The student understands the significance of machine learning in digitalizing operational environment. The student knows the most common machine learning methods, is able to apply them in practice to existing data and interpret the results of the methods. In particular, the student is able to apply machine learning models in robotics.

Course Competences:
EUR-ACE: Engineering Design, Master's Degree
EUR-ACE: Engineering Practice, Master's Degree
EUR-ACE: Investigations, Master's Degree

Content

- Most common regression and classification models of supervised machine learning and their application in Python programming environment using NumPy, Pandas, Scikit-learn and Tensorflow libraries.
- Linear and logistic regression
- Support Vector Machine
- Neural networks
- Reinforcement learning

Teaching methods

Virtual study

Evaluation scale

0-5

Evaluation criteria, satisfactory (1-2)

Sufficient 1: Student has sufficient knowledge of machine learning algorithms and neural networks. Student is able to apply the most common techniques of machine learning and has the sufficient knowledge of the mathematics behind the techniques. Additionally, the student is able to estimate and validate implementation briefly.

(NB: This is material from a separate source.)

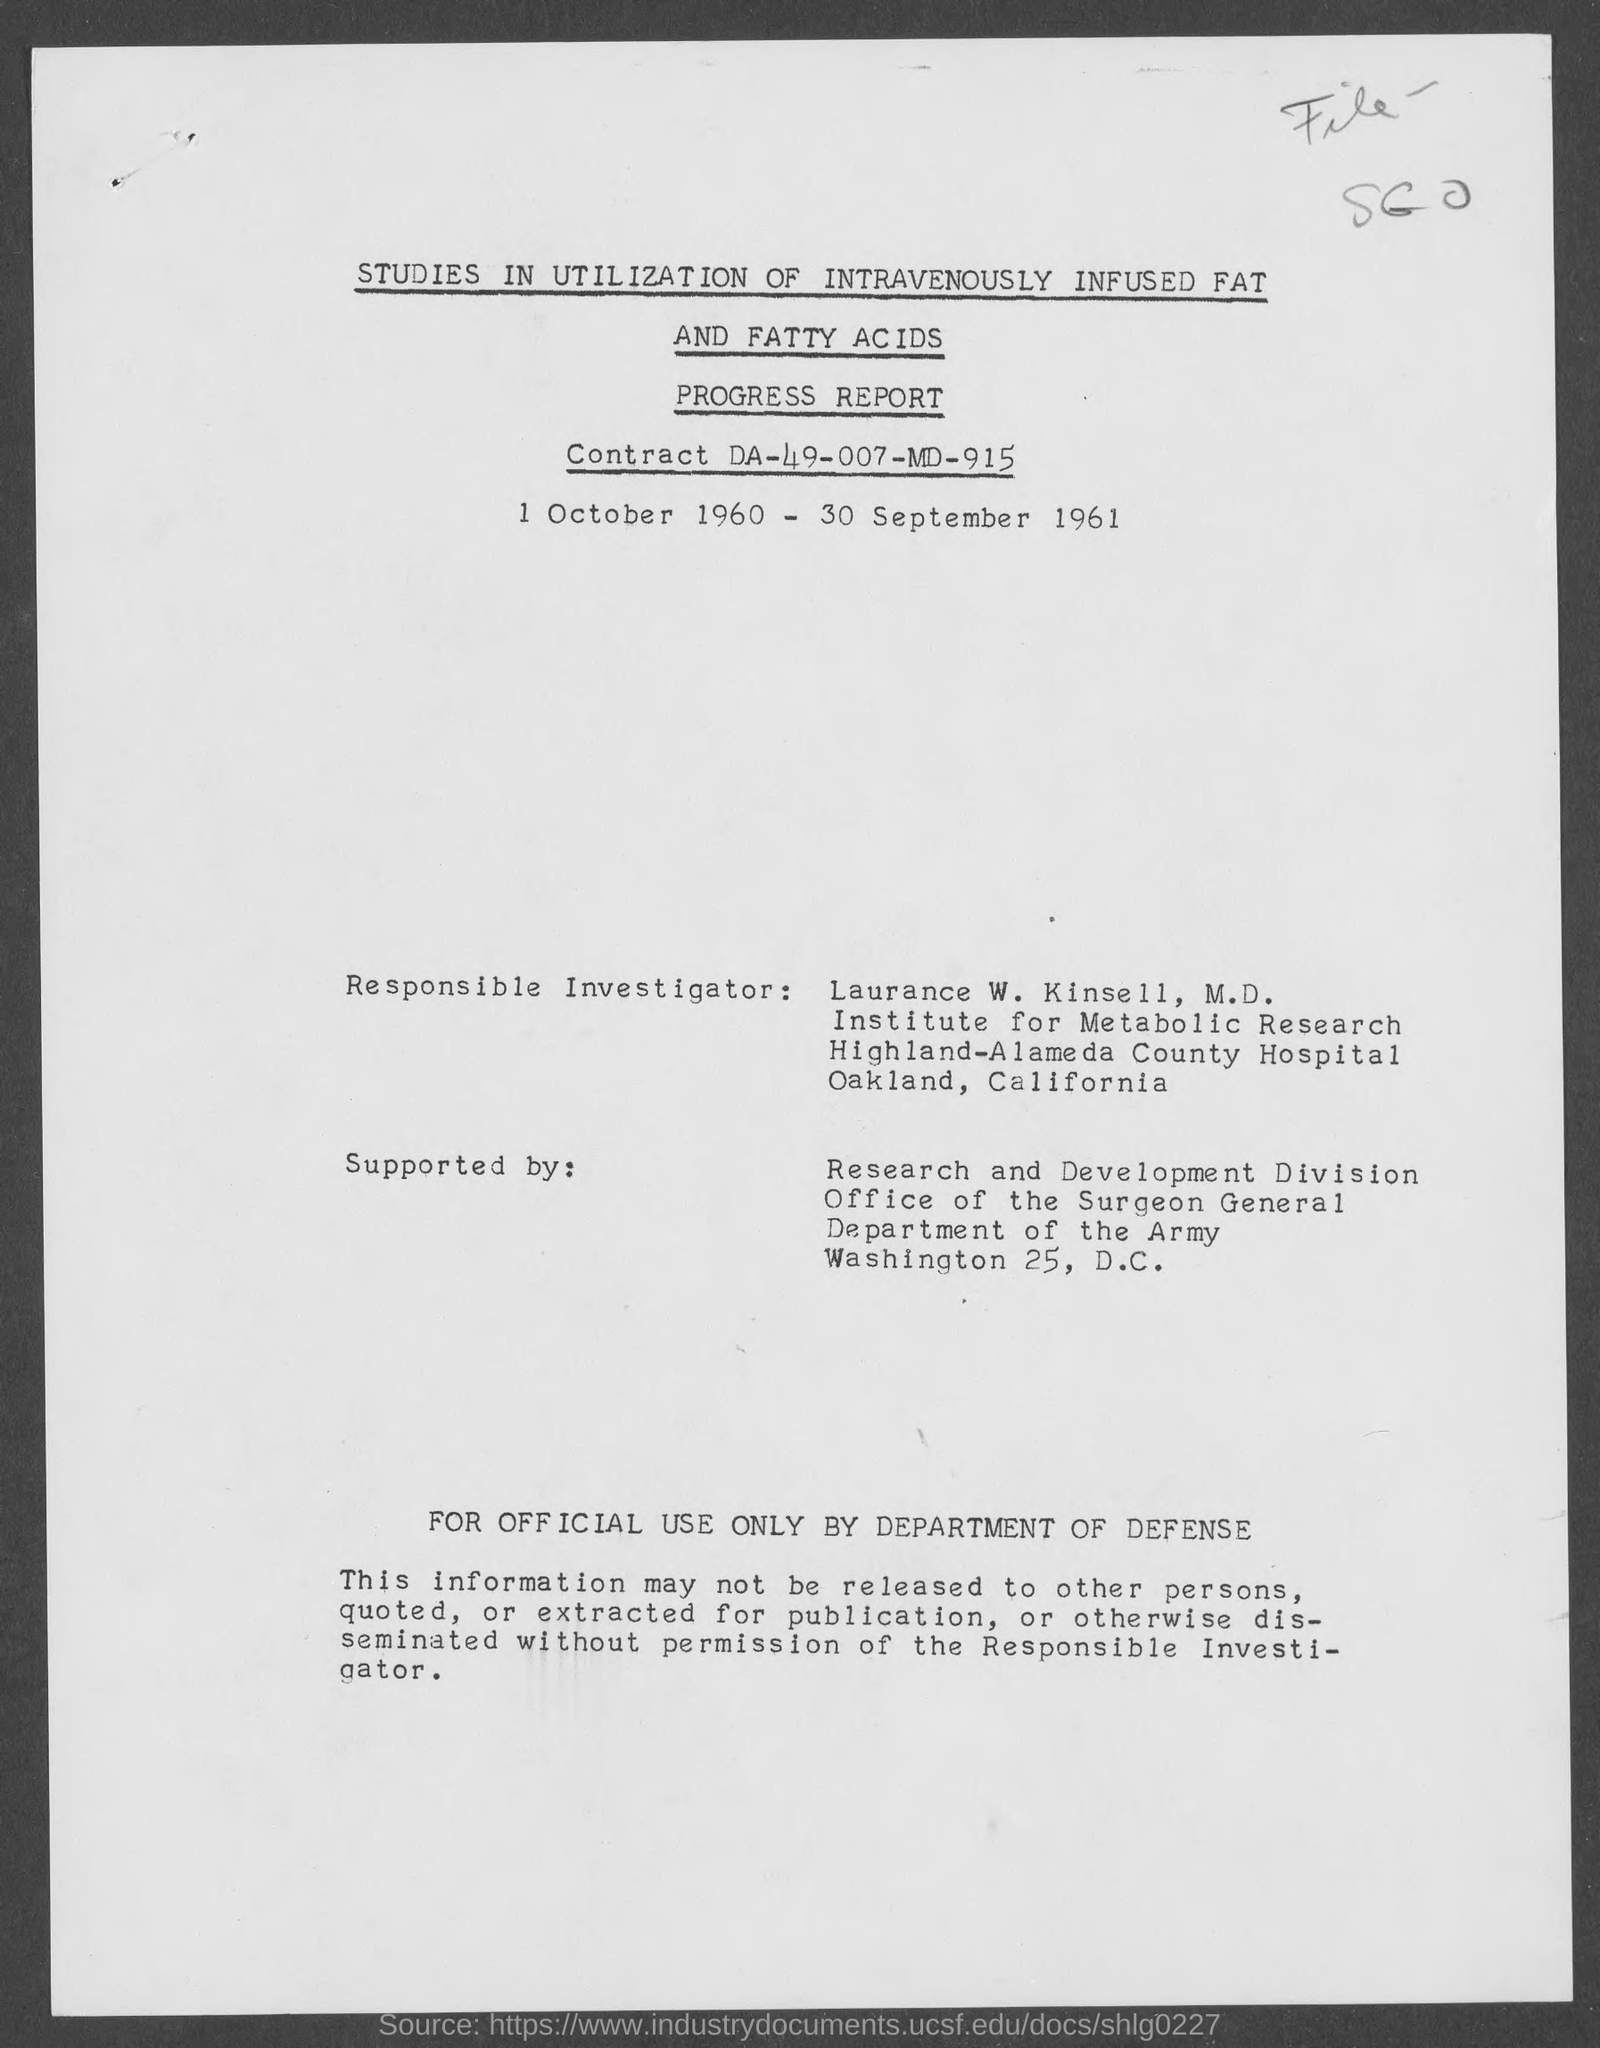Give some essential details in this illustration. The contract number is DA-49-007-MD-915.

Satisfactory 2: Student has satisfactory knowledge of machine learning and neural networks. Student is able to choose a suitable machine learning technique and apply the technical know-how in practice. Student understands the mathematics behind the techniques at a satisfactory level. Additionally, the student is able to estimate and validate implementation superficially.

Evaluation criteria, good (3-4)

Good 3: Student has good knowledge of machine learning algorithms and neural networks. Student is able to choose an appropriate machine learning technique and apply the technical know-how in practice. Student understands well the mathematics behind the techniques at a good level. Additionally, the student is able to estimate and validate implementation well.

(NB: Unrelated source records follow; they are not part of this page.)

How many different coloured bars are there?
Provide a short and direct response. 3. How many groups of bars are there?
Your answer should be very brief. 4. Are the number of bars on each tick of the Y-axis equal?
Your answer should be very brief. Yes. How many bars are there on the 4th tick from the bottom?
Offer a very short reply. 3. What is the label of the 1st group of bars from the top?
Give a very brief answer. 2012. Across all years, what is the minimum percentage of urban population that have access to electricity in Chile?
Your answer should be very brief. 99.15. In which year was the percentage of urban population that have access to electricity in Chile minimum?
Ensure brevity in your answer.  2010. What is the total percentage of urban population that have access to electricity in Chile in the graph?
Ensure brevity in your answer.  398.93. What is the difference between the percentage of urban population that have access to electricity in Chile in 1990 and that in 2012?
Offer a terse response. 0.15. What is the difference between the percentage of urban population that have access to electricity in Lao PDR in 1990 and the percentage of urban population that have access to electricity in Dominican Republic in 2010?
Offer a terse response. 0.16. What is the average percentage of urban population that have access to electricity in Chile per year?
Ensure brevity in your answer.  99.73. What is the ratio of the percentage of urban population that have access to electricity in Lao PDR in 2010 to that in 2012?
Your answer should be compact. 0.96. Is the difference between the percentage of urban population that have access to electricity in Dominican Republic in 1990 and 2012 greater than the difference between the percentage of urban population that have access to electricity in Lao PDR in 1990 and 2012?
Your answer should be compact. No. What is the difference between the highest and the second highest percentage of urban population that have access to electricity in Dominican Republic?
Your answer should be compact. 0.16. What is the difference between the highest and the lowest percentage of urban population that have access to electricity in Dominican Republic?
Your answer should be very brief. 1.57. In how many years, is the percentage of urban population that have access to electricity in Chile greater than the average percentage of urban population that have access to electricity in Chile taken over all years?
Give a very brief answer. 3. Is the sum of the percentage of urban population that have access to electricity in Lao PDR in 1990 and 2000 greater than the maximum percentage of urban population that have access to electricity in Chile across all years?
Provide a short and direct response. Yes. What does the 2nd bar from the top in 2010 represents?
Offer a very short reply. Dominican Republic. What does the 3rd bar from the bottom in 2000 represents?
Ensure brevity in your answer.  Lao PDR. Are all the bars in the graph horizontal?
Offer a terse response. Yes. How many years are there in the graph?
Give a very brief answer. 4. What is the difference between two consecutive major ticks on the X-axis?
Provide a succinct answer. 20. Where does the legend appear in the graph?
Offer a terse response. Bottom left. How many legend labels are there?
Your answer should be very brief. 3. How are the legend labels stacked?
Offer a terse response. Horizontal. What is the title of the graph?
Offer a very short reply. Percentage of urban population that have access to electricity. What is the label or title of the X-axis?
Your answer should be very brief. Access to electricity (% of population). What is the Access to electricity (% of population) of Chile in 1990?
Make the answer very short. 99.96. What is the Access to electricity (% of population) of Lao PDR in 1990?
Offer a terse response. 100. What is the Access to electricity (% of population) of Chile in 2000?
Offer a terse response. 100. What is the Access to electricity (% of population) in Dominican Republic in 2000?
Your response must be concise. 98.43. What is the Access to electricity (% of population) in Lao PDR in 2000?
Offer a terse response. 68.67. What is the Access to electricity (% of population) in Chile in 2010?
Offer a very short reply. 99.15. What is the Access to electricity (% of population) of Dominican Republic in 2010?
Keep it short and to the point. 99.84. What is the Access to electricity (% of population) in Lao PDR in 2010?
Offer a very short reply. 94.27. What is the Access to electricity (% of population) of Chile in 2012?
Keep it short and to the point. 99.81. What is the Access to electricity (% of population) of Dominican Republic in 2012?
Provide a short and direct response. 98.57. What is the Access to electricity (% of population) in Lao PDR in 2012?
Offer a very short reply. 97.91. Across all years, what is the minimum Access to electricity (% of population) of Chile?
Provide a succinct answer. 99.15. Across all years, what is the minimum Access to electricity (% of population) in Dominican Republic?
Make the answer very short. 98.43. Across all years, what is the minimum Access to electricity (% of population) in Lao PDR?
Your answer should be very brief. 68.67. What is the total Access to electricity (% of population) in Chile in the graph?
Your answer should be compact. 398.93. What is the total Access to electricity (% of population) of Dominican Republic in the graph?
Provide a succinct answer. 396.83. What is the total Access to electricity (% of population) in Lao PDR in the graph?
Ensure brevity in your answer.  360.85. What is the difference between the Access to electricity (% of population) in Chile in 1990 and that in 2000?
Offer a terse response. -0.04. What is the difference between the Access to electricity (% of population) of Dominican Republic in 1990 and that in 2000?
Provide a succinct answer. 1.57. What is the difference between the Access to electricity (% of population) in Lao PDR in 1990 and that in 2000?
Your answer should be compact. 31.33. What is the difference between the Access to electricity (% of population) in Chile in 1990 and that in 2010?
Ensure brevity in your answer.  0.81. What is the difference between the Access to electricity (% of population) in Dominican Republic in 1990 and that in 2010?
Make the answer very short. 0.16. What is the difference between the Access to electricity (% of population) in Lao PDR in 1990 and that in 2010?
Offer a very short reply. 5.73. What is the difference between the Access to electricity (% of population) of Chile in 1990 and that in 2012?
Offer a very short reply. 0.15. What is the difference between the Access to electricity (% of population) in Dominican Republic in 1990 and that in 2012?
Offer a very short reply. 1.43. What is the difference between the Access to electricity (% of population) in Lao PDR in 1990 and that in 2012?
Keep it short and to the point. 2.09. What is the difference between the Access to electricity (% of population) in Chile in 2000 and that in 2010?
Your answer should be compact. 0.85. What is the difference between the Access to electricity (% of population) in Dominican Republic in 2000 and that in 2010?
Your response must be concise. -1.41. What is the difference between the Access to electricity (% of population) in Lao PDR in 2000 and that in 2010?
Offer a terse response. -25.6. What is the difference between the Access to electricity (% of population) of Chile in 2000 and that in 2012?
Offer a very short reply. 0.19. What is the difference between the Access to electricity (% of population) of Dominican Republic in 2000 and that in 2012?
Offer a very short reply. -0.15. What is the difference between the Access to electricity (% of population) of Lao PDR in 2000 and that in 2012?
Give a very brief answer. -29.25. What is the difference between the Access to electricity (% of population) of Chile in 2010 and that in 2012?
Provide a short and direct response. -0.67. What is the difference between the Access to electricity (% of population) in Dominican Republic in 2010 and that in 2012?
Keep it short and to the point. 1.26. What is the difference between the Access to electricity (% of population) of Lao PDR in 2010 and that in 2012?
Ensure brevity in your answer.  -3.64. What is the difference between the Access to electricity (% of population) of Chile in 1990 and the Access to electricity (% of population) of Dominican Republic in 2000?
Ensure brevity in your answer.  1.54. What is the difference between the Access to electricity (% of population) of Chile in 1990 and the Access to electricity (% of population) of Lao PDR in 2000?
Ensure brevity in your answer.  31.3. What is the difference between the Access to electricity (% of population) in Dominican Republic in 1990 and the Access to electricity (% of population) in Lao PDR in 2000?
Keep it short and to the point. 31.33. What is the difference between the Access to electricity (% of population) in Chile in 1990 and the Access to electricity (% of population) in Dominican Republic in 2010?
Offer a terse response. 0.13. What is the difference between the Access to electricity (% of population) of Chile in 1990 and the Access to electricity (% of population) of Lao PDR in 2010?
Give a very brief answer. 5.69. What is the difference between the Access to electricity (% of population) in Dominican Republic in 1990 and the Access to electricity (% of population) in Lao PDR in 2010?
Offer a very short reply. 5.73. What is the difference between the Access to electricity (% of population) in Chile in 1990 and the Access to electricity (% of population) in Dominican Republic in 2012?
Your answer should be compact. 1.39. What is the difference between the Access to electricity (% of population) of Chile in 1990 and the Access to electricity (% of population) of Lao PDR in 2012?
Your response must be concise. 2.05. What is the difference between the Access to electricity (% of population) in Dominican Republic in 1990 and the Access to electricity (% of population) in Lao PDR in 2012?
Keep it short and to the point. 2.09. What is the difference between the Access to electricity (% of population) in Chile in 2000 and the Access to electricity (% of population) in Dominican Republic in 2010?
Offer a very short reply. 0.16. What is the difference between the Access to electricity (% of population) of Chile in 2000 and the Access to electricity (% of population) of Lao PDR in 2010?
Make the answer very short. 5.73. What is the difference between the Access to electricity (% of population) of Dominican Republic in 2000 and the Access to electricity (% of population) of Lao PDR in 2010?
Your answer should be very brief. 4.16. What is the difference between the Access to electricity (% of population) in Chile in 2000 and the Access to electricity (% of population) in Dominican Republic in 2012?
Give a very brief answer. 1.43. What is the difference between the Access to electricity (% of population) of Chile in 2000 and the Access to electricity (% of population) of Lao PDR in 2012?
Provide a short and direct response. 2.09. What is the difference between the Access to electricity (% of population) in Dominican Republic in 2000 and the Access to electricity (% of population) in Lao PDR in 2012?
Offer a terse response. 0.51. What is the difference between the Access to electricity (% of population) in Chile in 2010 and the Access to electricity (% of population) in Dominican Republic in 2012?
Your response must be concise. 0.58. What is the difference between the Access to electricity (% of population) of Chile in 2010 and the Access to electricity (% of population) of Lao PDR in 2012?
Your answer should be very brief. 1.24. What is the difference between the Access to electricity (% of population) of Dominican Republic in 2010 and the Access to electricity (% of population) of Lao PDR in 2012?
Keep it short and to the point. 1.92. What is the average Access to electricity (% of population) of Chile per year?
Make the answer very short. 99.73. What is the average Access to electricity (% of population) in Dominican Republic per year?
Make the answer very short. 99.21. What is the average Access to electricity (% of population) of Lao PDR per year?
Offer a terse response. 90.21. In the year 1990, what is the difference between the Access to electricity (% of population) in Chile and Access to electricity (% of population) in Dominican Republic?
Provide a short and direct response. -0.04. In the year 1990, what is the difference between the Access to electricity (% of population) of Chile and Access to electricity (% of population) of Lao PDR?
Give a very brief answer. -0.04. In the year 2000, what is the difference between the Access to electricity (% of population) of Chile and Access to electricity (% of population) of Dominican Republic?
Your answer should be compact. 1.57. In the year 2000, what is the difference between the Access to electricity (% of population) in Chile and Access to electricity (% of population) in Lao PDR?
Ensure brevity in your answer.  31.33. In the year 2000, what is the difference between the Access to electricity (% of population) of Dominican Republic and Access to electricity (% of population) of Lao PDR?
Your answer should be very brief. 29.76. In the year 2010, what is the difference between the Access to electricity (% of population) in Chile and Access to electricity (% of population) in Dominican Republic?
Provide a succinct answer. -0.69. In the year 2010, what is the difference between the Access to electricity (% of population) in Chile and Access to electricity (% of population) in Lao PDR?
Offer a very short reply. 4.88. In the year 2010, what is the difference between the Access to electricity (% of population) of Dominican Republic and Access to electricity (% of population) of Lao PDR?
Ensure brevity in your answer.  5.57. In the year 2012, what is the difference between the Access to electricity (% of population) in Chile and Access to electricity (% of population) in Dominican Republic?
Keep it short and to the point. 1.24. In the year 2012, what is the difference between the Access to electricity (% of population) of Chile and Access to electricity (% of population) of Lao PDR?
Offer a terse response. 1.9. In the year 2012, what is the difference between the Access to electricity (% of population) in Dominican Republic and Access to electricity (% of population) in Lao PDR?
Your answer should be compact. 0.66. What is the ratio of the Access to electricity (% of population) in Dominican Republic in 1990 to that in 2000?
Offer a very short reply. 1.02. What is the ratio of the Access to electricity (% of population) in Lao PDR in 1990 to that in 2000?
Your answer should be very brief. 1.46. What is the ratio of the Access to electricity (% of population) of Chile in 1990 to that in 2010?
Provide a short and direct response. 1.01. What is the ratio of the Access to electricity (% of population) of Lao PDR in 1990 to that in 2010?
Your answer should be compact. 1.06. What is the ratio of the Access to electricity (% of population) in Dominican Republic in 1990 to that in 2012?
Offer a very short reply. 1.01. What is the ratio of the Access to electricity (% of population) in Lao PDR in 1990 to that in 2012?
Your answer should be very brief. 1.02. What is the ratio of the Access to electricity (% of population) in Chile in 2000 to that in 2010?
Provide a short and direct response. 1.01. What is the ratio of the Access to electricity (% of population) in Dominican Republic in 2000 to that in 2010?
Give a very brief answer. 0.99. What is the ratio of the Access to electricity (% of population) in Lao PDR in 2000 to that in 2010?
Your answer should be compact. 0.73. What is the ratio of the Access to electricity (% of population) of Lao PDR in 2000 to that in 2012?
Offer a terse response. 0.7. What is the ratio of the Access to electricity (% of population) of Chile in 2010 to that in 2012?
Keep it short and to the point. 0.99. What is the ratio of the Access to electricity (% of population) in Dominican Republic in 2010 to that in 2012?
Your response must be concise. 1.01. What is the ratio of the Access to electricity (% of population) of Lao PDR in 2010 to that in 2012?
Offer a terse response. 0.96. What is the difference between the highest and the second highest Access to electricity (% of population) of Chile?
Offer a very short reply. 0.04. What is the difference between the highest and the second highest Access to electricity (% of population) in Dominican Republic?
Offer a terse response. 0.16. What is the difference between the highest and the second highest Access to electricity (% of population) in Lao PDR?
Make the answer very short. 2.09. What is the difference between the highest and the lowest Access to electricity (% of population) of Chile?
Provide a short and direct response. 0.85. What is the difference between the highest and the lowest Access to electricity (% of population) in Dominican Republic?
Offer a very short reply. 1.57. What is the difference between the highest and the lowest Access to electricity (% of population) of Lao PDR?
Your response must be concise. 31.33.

Very good 4: Student has very good knowledge of machine learning algorithms and neural networks. Student is able to choose and justify versatilely a machine learning technique and apply the technical know-how in practice. Student understands the mathematics behind the techniques at a very good level. Additionally, the student is able to estimate and validate implementation critically.

Evaluation criteria, excellent (5)

Excellent 5: Student has excellent knowledge of machine learning algorithms and neural networks. Student is able to choose and justify machine learning technique and apply the technical know-how in practice. Student understands the mathematics behind the techniques at an excellent level. Additionally, the student is able to estimate and validate implementation critically.